Interview with Francesco Sarracino by Raymond Wagener – Climate change is creating a whole range of problems, jeopardising our planet’s biodiversity and causing social injustices. It is in this context that the Plaidons Responsable team of Caritas Luxembourg organized a cycle of 4 lunch debates with Francesco Sarracino in October and November 2022. Francesco is a Senior Researcher at STATEC Research and expert on well-being and quality of life.
1. Our life is based on a linear consumer vision: I produce, I buy, I consume, I throw away. As a consequence, our society is built on an economic model that is not sustainable and that creates social and environmental problems. Two ways out of this unsustainable model are being proposed by some people: “green growth” and “degrowth”. Why is the current economic model unsustainable? To what extent can sustainable development growth be achieved through “green growth” and “degrowth”?
The current economic model is too demanding on resources. Over the past 70 years, economic growth has been associated with the production of negative environmental externalities, such as pollution, increasing extraction of raw materials, CO2 emissions or loss of biodiversity, despite technological changes. Consider that the growth of the world’s GDP per capita has been strongly associated with the annual evolution of CO2 emissions since the 1970s.
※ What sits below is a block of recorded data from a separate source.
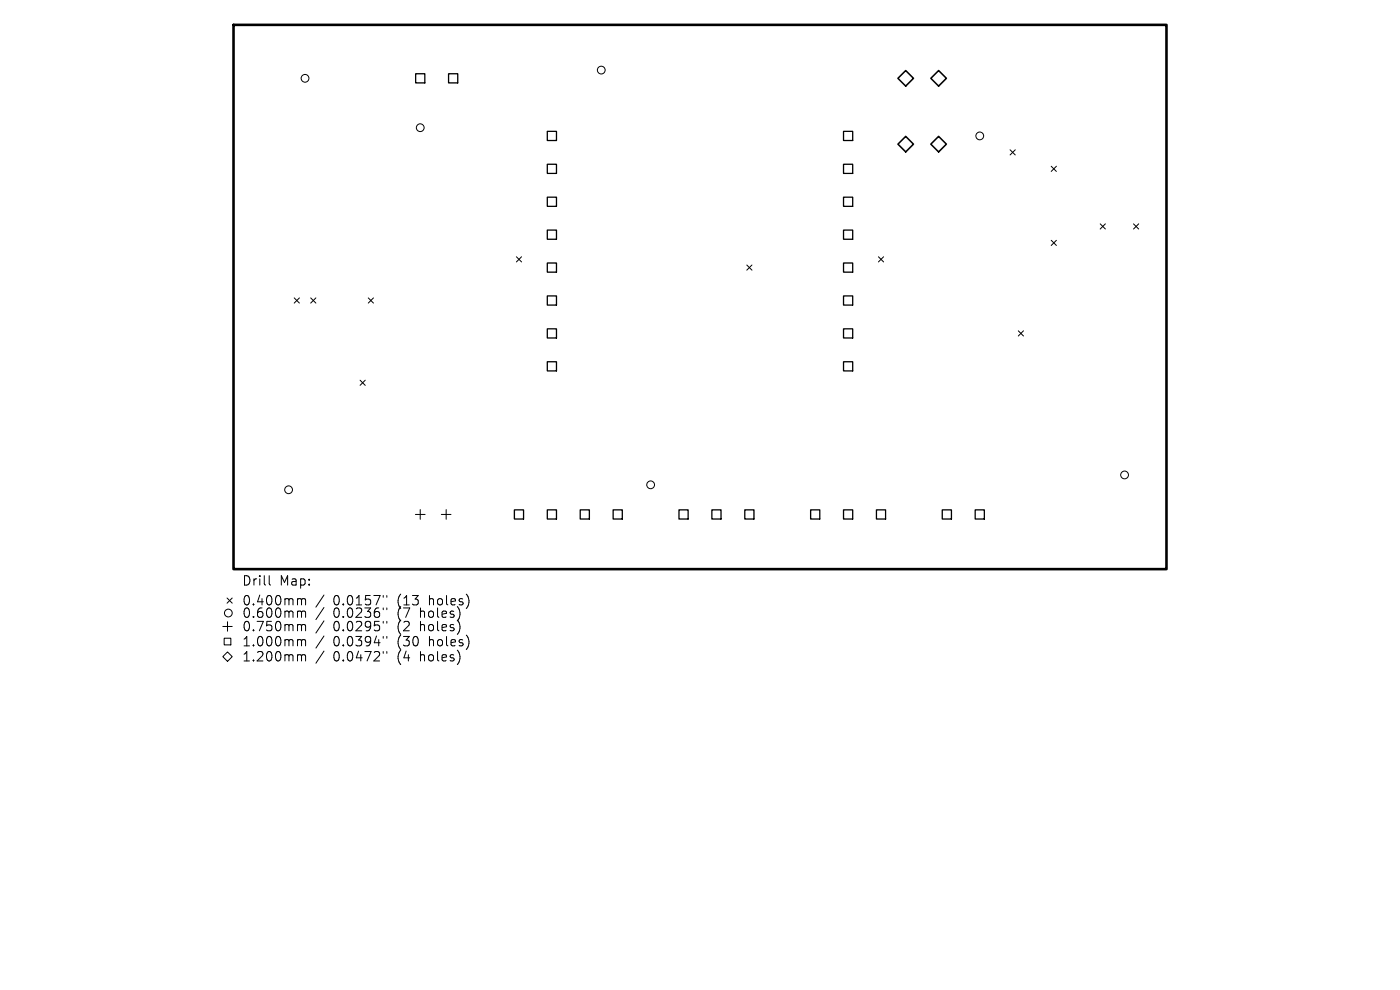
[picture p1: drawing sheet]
<svg xmlns="http://www.w3.org/2000/svg" width="297mm" height="210mm" viewBox="0 0 297 210" stroke-linecap="round" stroke-linejoin="round" font-family="sans-serif">
<defs><g id="words">
<g font-size="2.8">
<text x="51.3" y="124.5">Drill</text>
<text x="59.2" y="124.5">Map:</text>
<text x="51.3" y="128.7">0.400mm</text>
<text x="51.3" y="131.3">0.600mm</text>
<text x="70.5" y="128.7">0.0157&quot;</text>
<text x="70.5" y="131.3">0.0236&quot;</text>
<text x="84.1" y="128.7">(13</text>
<text x="84.1" y="131.3">(7</text>
<text x="89" y="131.3">holes)</text>
<text x="90.9" y="128.7">holes)</text>
<text x="51.3" y="134.1">0.750mm</text>
<text x="51.3" y="137.3">1.000mm</text>
<text x="70.5" y="134.1">0.0295&quot;</text>
<text x="70.5" y="137.3">0.0394&quot;</text>
<text x="84.1" y="134.1">(2</text>
<text x="84.1" y="137.3">(30</text>
<text x="89" y="134.1">holes)</text>
<text x="90.9" y="137.3">holes)</text>
<text x="51.3" y="140.5">1.200mm</text>
<text x="70.5" y="140.5">0.0472&quot;</text>
<text x="84.1" y="140.5">(4</text>
<text x="89" y="140.5">holes)</text>
</g>
</g></defs>
<path d="M49.5 5.3h198v115.4h-198z" fill="none" stroke="#000" stroke-width=".55"/>
<g fill="none" stroke="#000" stroke-width=".21">
<path d="M214.3 31.8l1.1 1.1M215.4 31.8l-1.1 1.1M223 35.3l1.1 1.1M224.1 35.3l-1.1 1.1M109.5 54.5l1.1 1.1M110.6 54.5l-1.1 1.1M158.4 56.2l1.1 1.1M159.5 56.2l-1.1 1.1M186.4 54.5l1.1 1.1M187.5 54.5l-1.1 1.1M223 51l1.1 1.1M224.1 51l-1.1 1.1"/>
<path d="M233.4 47.5l1.1 1.1M234.5 47.5l-1.1 1.1M240.5 47.5l1.1 1.1M241.6 47.5l-1.1 1.1M62.4 63.2l1.1 1.1M63.5 63.2l-1.1 1.1M65.9 63.2l1.1 1.1M67 63.2l-1.1 1.1M78.1 63.2l1.1 1.1M79.2 63.2l-1.1 1.1M216 70.2l1.1 1.1M217.1 70.2l-1.1 1.1"/>
<path d="M76.4 80.7l1.1 1M77.5 80.7l-1.1 1M88.1 109.1h2.1M89.2 108.1v2.1M93.6 109.1h2.1M94.6 108.1v2.1M47.3 139.3l1-1 1 1-1 1zM47.3 132.9h2M47.6 135.4h1.4v1.4h-1.4zM48.2 126.9l1.1 1.1M48.3 131.9v2M49.3 126.9l-1.1 1.1"/>
<path d="M57.1 122.1v1.7l.3 .3M63.4 127l.5 .1 .1 .2M63.4 129.6h.3l.3 .3M63.4 132.5l.5 .1 .1 .2M63.4 135.7l.5 .1 .1 .2M63.4 138.9h.3l.3 .3M64 127.3l.3-.3 .4 .1 .1 1.2M64 127.3v1M64 129.9v1.1M64 132.8v1M64 136v1M64 139.2v1"/>
<path d="M64 129.9l.3-.3 .4 .1 .1 1.3M64 132.8l.3-.3 .4 .1 .1 1.2M64 136l.3-.3 .4 .1 .1 1.2M64 139.2l.3-.3 .4 .1 .1 1.2M68.7 126.2l-1.7 2.6M68.7 128.9l-1.7 2.5M68.7 131.7l-1.7 2.6M68.7 134.9l-1.7 2.6M68.7 138.1l-1.7 2.6M81.3 126.3v.4M81.3 129v.3M81.3 131.8v.4"/>
<path d="M81.3 135v.4M81.3 138.2v.4M82.1 126.3v.4M82.1 129v.3M82.1 131.8v.4M82.1 135v.4M82.1 138.2v.4M97.3 131.9l.3 1-.3 1.3M97.5 138.8l.1 .8-.3 1M97.6 130l-.3 1.3M99.2 126.4l.3 1-.3 1.3M99.2 135.1l.3 1-.3 1.3"/>
<circle cx="64.7" cy="16.6" r=".82"/>
<circle cx="127.6" cy="14.9" r=".82"/>
<circle cx="89.2" cy="27.1" r=".82"/>
<circle cx="207.9" cy="28.8" r=".82"/>
<circle cx="61.2" cy="103.9" r=".82"/>
<circle cx="138" cy="102.8" r=".82"/>
<circle cx="238.6" cy="100.8" r=".82"/>
<circle cx="48.4" cy="130" r=".82"/>
</g>
<g fill="none" stroke="#000" stroke-width=".27">
<path d="M88.2 15.6h1.9v2h-1.9zM95.2 15.6h1.9v2h-1.9zM116.1 27.9h2v1.9h-2zM116.1 34.8h2v2h-2zM178.9 27.9h2v1.9h-2zM178.9 34.8h2v2h-2zM116.1 41.8h2v2h-2zM116.1 48.8h2v2h-2zM116.1 55.8h2v1.9h-2zM178.9 41.8h2v2h-2zM178.9 48.8h2v2h-2zM178.9 55.8h2v1.9h-2z"/>
<path d="M116.1 62.8h2v1.9h-2zM116.1 69.8h2v1.9h-2zM116.1 76.7h2v2h-2zM178.9 62.8h2v1.9h-2zM178.9 69.8h2v1.9h-2zM178.9 76.7h2v2h-2zM109.1 108.2h2v1.9h-2zM116.1 108.2h2v1.9h-2zM123.1 108.2h1.9v1.9h-1.9zM130.1 108.2h1.9v1.9h-1.9zM144 108.2h2v1.9h-2zM151 108.2h2v1.9h-2z"/>
<path d="M158 108.2h1.9v1.9h-1.9zM172 108.2h1.9v1.9h-1.9zM178.9 108.2h2v1.9h-2zM185.9 108.2h2v1.9h-2zM199.9 108.2h1.9v1.9h-1.9zM206.9 108.2h1.9v1.9h-1.9z"/>
</g>
<path d="M190.5 16.6l1.6-1.6 1.7 1.6-1.7 1.7zM197.5 16.6l1.6-1.6 1.7 1.6-1.7 1.7zM190.5 30.6l1.6-1.7 1.7 1.7-1.7 1.6zM197.5 30.6l1.6-1.7 1.7 1.7-1.7 1.6z" fill="none" stroke="#000" stroke-width=".33"/>
<use href="#words"/>
</svg>

Only during global recessions have CO2 emissions temporarily decreased. The green growth strategy maintains that technological innovation will decouple economic growth from its negative externalities. Investments in green technologies will allow economic expansion while protecting natural resources for future generations. Supporters of degrowth, on the contrary, claim that halting the production and consumption of goods and services – and thus negative economic growth – is necessary to preserve resources for future generations. Unfortunately, efforts to date to limit production and consumption have proven insufficient, as confirmed by the United Nations in 2021.